• **TASK INSTRUCTIONS**
Repeat each entry exactly, but do not carry over the pictures.
● ● ● ● ● ● ●
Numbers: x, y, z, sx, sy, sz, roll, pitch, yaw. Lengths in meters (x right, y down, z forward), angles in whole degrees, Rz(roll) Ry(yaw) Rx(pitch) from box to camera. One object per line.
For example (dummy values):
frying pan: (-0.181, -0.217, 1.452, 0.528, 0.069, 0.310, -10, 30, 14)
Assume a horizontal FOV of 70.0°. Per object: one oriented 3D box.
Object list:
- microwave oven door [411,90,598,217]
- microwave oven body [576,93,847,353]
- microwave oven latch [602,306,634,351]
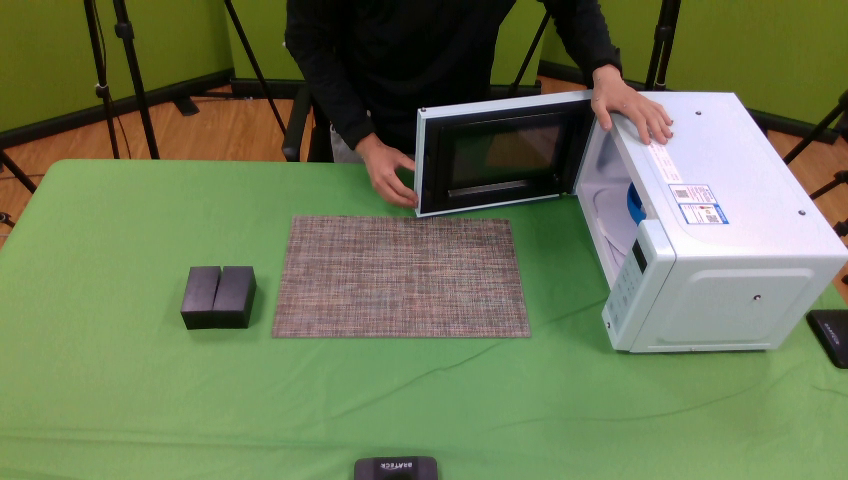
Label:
microwave oven door: (0.154, -0.170, 1.203, 0.356, 0.245, 0.039, -9, 47, -13)
microwave oven body: (0.475, -0.041, 1.109, 0.326, 0.261, 0.438, -1, 45, -4)
microwave oven latch: (0.332, 0.153, 1.044, 0.030, 0.029, 0.078, 0, 45, -4)
● ● ● ● ● ● ●
• **ANSWER TO THIS EXERCISE**
Numbers: x, y, z, sx, sy, sz, roll, pitch, yaw. Lengths in meters (x right, y down, z forward), angles in whole degrees, Rz(roll) Ry(yaw) Rx(pitch) from box to camera. One object per line.
For example (dummy values):
frying pan: (-0.181, -0.217, 1.452, 0.528, 0.069, 0.310, -10, 30, 14)
Assume a horizontal FOV of 70.0°. Per object: one oriented 3D box.
Object list:
- microwave oven door [411,90,598,217]
- microwave oven body [576,93,847,353]
- microwave oven latch [602,306,634,351]
Label:
microwave oven door: (0.154, -0.170, 1.203, 0.356, 0.245, 0.039, -9, 47, -13)
microwave oven body: (0.475, -0.041, 1.109, 0.326, 0.261, 0.438, -1, 45, -4)
microwave oven latch: (0.332, 0.153, 1.044, 0.030, 0.029, 0.078, 0, 45, -4)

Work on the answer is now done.